Friday, February 6, 2015

'Othello' at the Rose Playhouse, 3rd February 2015

In 1973 evolutionary biologist L. van Valen proposed The Red Queen Principle. In Lewis Carroll's Through the Looking Glass, the Red Queen observes "in this place it takes all the running you can do, to stay in the same place". He applied this principle to evolution; explaining that for an organism to merely survive and reproduce requires a titanic effort. Watching the harried pinstriped crowds sweatily bustling out of Bank Underground station, you wonder whether the same principle applies to commerce.

Pamela Schermann, director of Time Zone Theatre's Othello, explains that one of the primary inspirations for this production was the death of Moritz Erhardt, who collapsed after working a 72 hour shift at Bank of America in the City. These hothouses of activity are populated by ruthless coke-addled workaholics who'd stomp their co-workers into the mud if they stood in the way of profit. An atmosphere of ambition, avariciousness and amorality? The perfect Petri dish to grow an Othello.

With its smart suits, minimalist office furniture and weaponised flirtiness, this production is end result of Shakespeare violently colliding with The Apprentice. With the muggy heat of Cyprus exchanged for the pressure cooker of the City of London, Othello (James Barnes) becomes a successful manager, whose nickname "The General" slots neatly into City Trader machismo. Iago (Trevor Murphy) and Cassio (Denholm Spurr) are hungry underlings, eager to slime their way up the corporate ladder.  Desdemona (Samantha Lock) is imagined as a rake-thin, trouser-suited power exec, trailed everywhere by her faithful PA Emilia (Ella Duncan).

Othello (James Barnes)
You might think a modern reimagining would be out of kilter with the Tudor surroundings of The Rose Playhouse. We are after all sitting in an active archeological site, the skeletal remains of Henslowe's theatre rising from the dirt below. Yet above us lies floor upon floor of girders, chrome and glass, across the road sits the offices of The Financial Times. In this chilly, subterranean cavern we're in a pocket of history, Elizabethan theatre subtly influenced of by the presence of big commerce.
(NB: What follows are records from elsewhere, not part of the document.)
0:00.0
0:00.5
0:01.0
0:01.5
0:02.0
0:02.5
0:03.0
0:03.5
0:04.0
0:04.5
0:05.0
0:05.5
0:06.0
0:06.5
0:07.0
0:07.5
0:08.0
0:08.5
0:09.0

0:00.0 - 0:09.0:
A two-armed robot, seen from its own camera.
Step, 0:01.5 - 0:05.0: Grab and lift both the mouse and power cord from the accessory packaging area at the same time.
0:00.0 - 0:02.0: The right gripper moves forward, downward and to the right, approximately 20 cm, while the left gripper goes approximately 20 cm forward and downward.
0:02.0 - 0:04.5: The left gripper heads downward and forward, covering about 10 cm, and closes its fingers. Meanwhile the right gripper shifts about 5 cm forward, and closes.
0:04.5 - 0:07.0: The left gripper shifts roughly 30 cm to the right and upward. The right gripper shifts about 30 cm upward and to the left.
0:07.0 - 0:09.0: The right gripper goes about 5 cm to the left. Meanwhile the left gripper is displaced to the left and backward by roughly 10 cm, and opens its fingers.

But the modern tendrils creeping into this adaptation go beyond corporate outfits and haircuts; here Cassio has depressed, stressed conversations over Skype, and Iago waves an iPad in front of the audience to show us Bianca's Facebook profile. These moments, both imagination and playful go a long way towards easing the tension inherent in any contemporary reimagining of Shakespeare. 

This is aided by consistently intelligent interpretations of the characters from the cast. Barnes' Othello methodically takes us through the process by which a confident, debonair businessman is reduced to a deranged, jealous murderer, gradually peeling away the layers of intelligence and civilisation to reveal the animalistic, territorial core at the heart of any powerful businessman. As he violently asserts his right to Desdemona she transforms from partner to property - an asset rather than an individual.
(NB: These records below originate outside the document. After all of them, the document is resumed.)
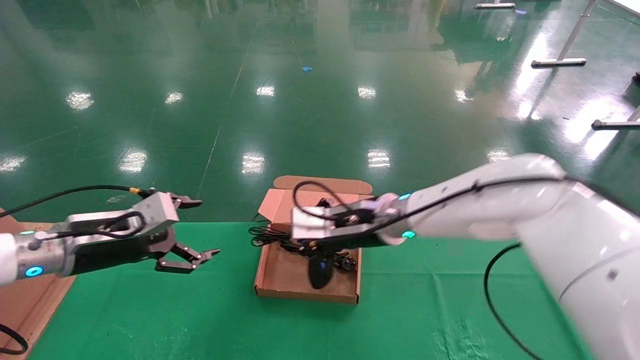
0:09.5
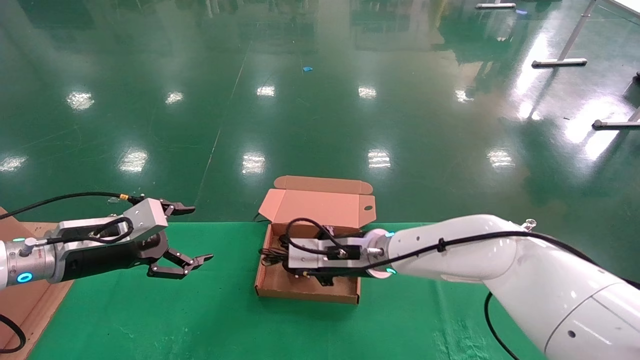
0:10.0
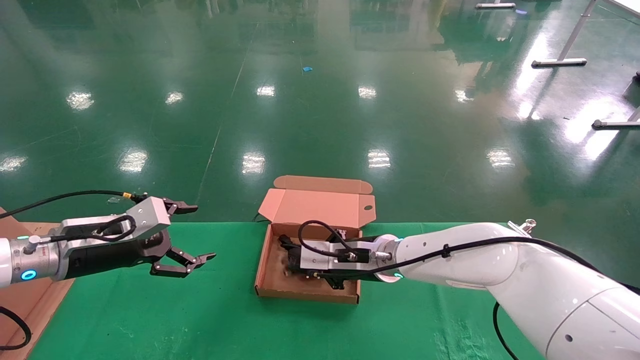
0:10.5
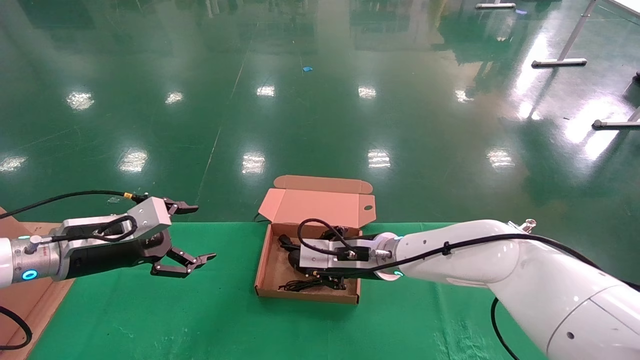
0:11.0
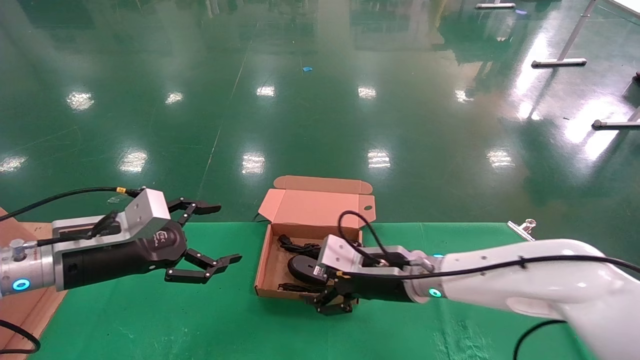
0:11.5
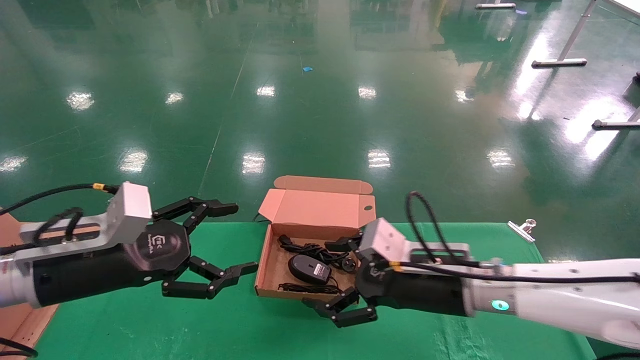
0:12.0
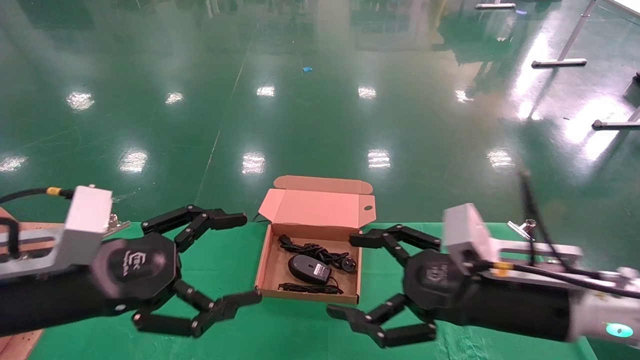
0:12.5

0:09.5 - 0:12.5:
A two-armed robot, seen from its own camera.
0:09.5 - 0:11.0: The right gripper goes about 10 cm downward.
0:11.0 - 0:12.5: The grippers both shift backward and to the right by about 20 cm. The right gripper opens its fingers.

Trevor Murphy's Iago similarly slots neatly into the corporate world, his sly ambition and manipulative skills feeling less like intrinsic character flaws and more like the logical psychological endpoint of trying to get ahead in this dog-eat-dog world. Murphy plays him as a man slowly losing his morality, as much convincing himself that he's doing the right thing as he is convincing Othello of his wife's unfaithfulness.

The rest of the cast approach their characters with similar care and attention. I particularly enjoyed Ella Duncan's slightly immature Emilia. Alone among the characters she's having fun; dabbling her toes in the corporate waters without becoming tainted. Duncan tackles Emilia's Act IV monologue with impressive dollops of humour and personality; one of the more naturalistic Shakespearian performances I've seen in some time.
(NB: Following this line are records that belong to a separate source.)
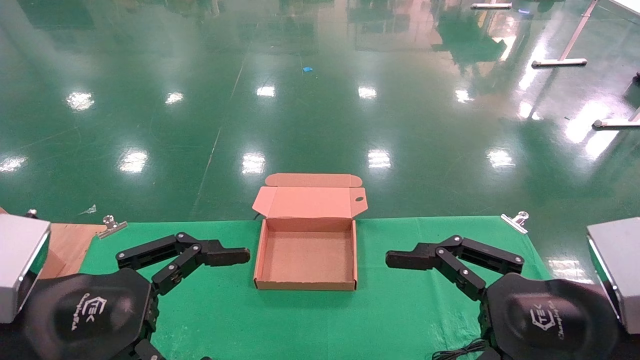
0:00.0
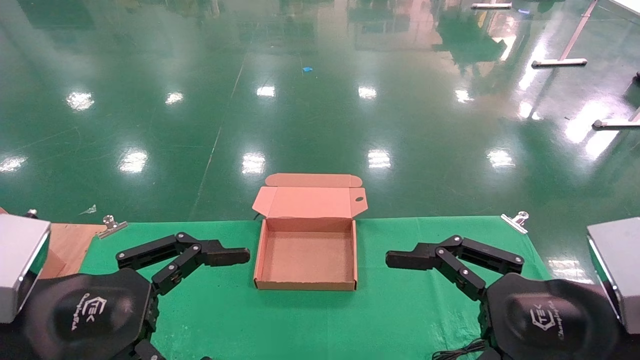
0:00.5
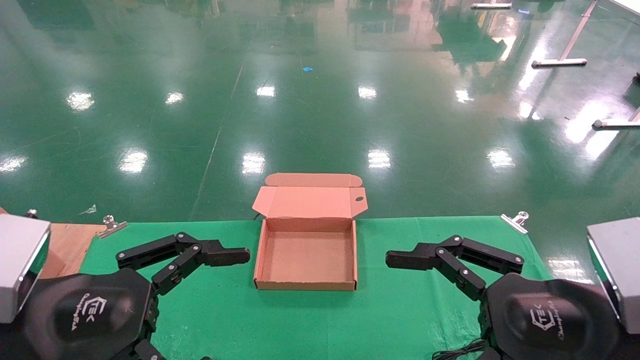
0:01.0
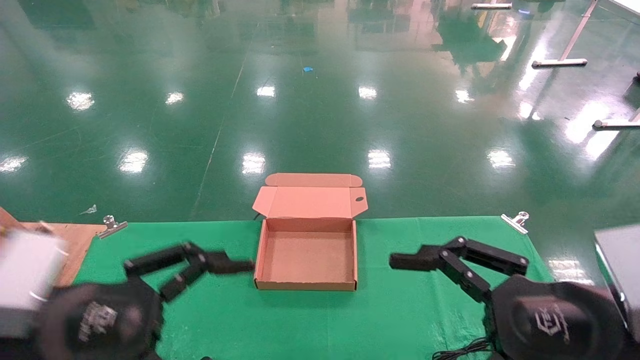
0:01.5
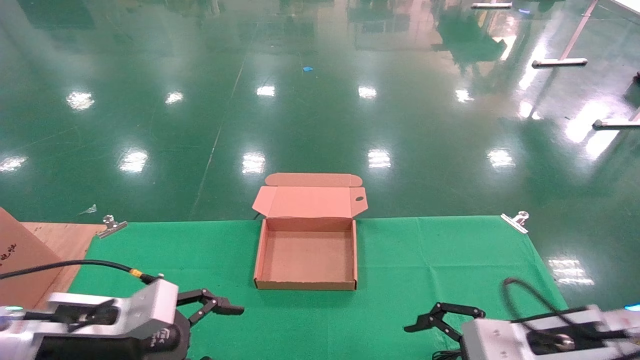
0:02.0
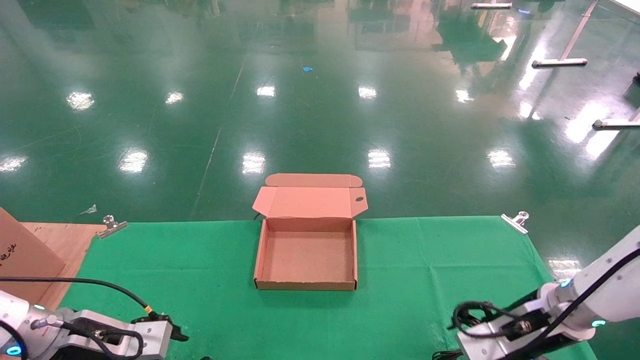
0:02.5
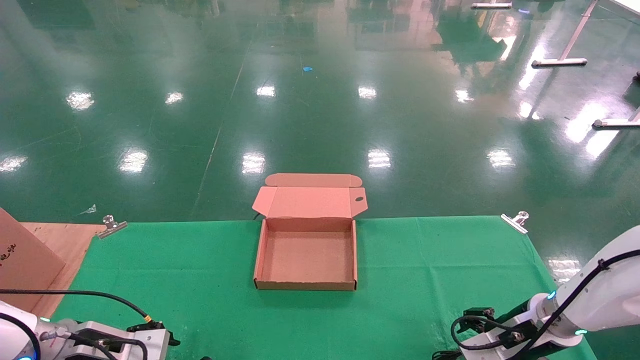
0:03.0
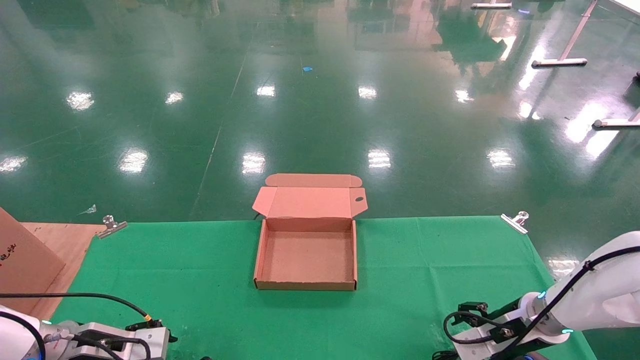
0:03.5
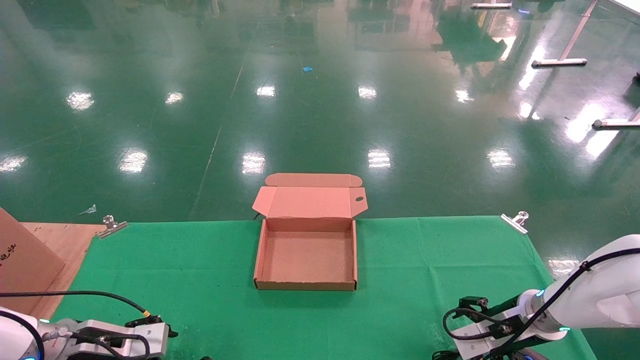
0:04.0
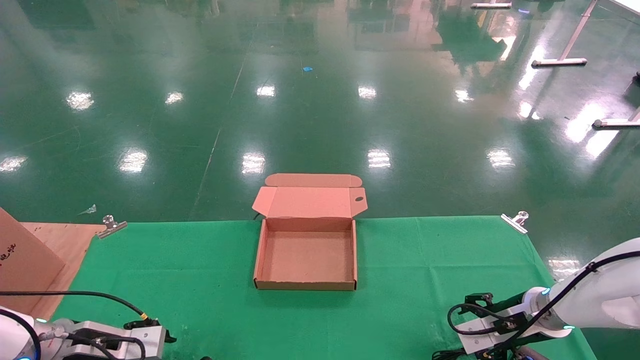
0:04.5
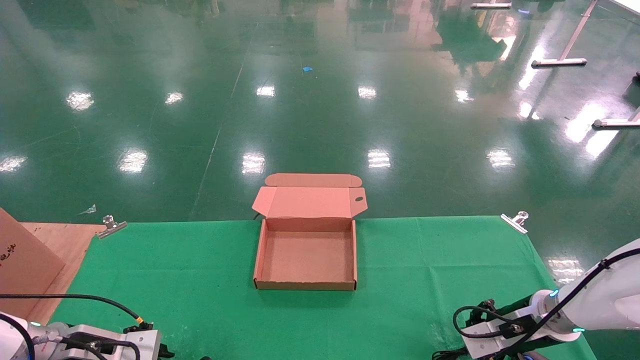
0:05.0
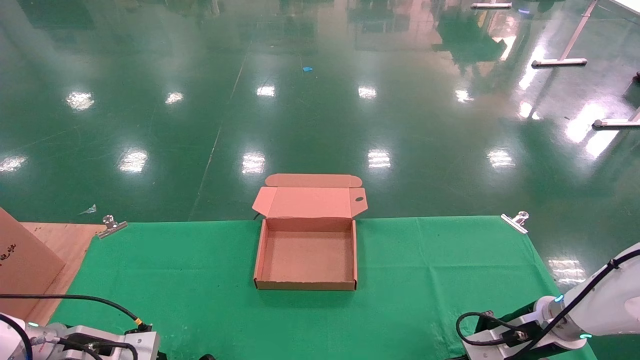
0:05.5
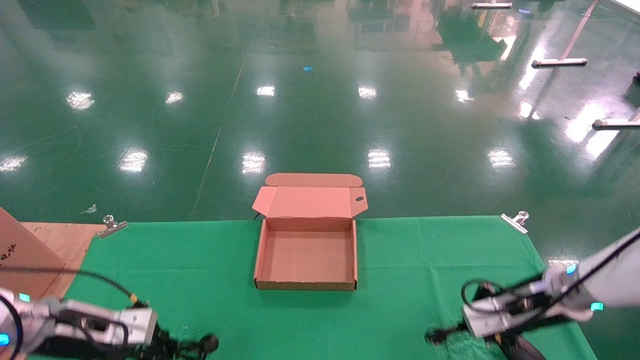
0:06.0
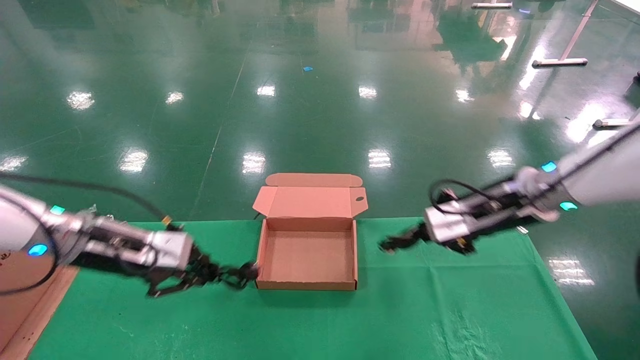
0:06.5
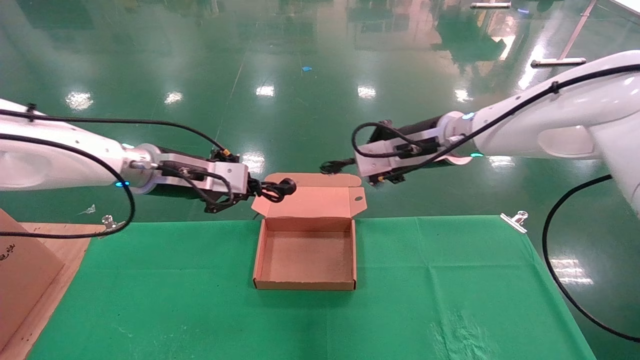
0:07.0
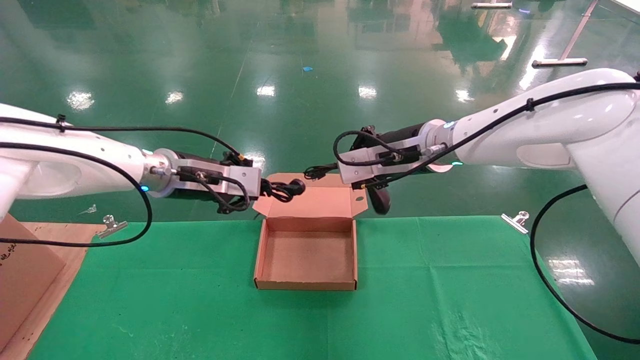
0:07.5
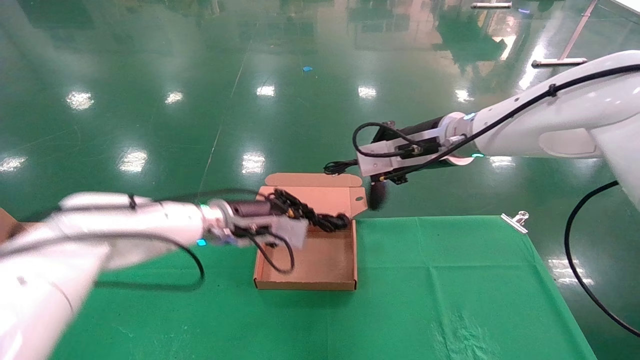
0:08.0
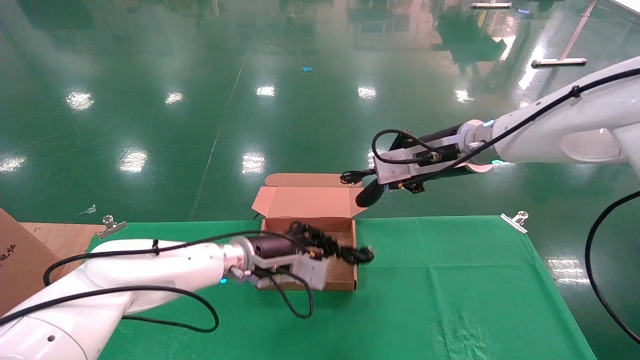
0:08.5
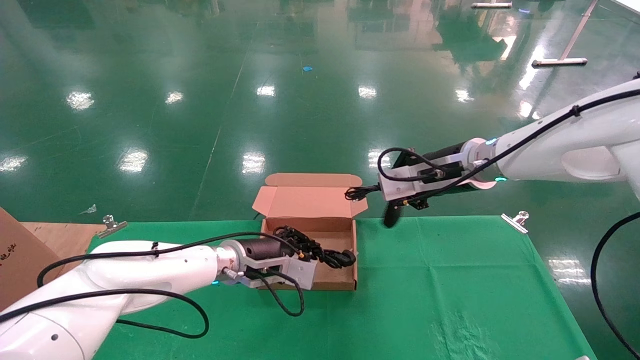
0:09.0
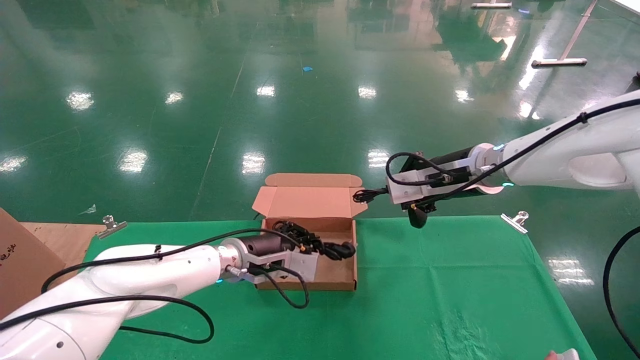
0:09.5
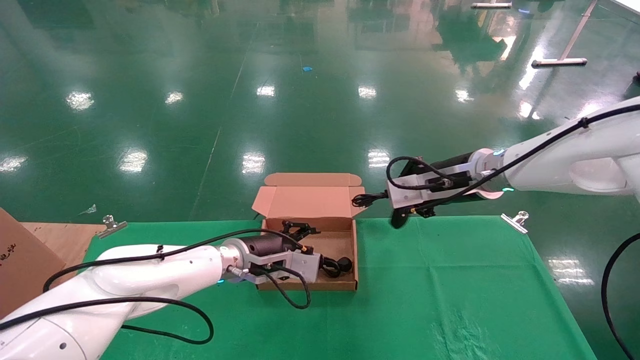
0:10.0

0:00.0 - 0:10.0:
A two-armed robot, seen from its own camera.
Step, 0:02.5 - 0:06.5: Grab and lift both the mouse and power cord from the accessory packaging area at the same time.
0:00.0 - 0:02.0: The two grippers go about 15 cm forward and downward.
0:02.0 - 0:04.0: The left gripper is displaced downward, forward and to the left by roughly 15 cm, while the right gripper is displaced forward and downward by some 15 cm.
0:04.0 - 0:06.0: Both grippers move upward, approximately 5 cm. The left gripper closes its fingers; the right gripper closes up.
0:06.0 - 0:08.0: The left gripper moves to the right, forward and upward, some 25 cm, while the right gripper travels upward and to the left by some 25 cm.
0:08.0 - 0:10.0: The right gripper ends up roughly 5 cm from where it was. Meanwhile the left gripper is displaced downward by about 5 cm.

Having now seen a few shows in The Rose, I was also impressed by the way the company effectively used the room. With a performance space limited in size and scope (set changes are essentially impossible) most companies settle for the existing historical ambience as backdrop. Not so here; the red LEDs that outline the old building are requisitioned to signify mood and increase tension, and in a bold move the dig itself is used as performance space.

It's not all sunshine and roses; I do have a few minor quibbles. Firstly that for the entire first scene there's a 15 second muzak loop repeating over and over again. It started to drive me crazy about five minutes in, gradually building to a skin-crawling annoyance. Slightly more egregious was the somewhat limp murder of Desdemona. The last Othello I saw was The Othello Syndrome in 2013, a feminist production that drew out the misogyny in the text. There, the climactic murder was a monstrous, physical affair that left audiences in no doubt as to the depths Othello had sunk to. Here there's a bit of half-hearted protesting before Desdemona seems to peacefully acquiesce to her death. 

Those nitpicks aside, this is a highly enjoyable production. Obvious care has gone into understanding and interpreting Shakespeare, Time Zone Theatre expertly moulding the play into 90 pointed, relevant and well-performed minutes.

Othello is at the Rose Playhouse until the 28th of February, 19:30 weekdays, 15:00 Sundays.  Full £12 / Cons £10.  Tickets available here.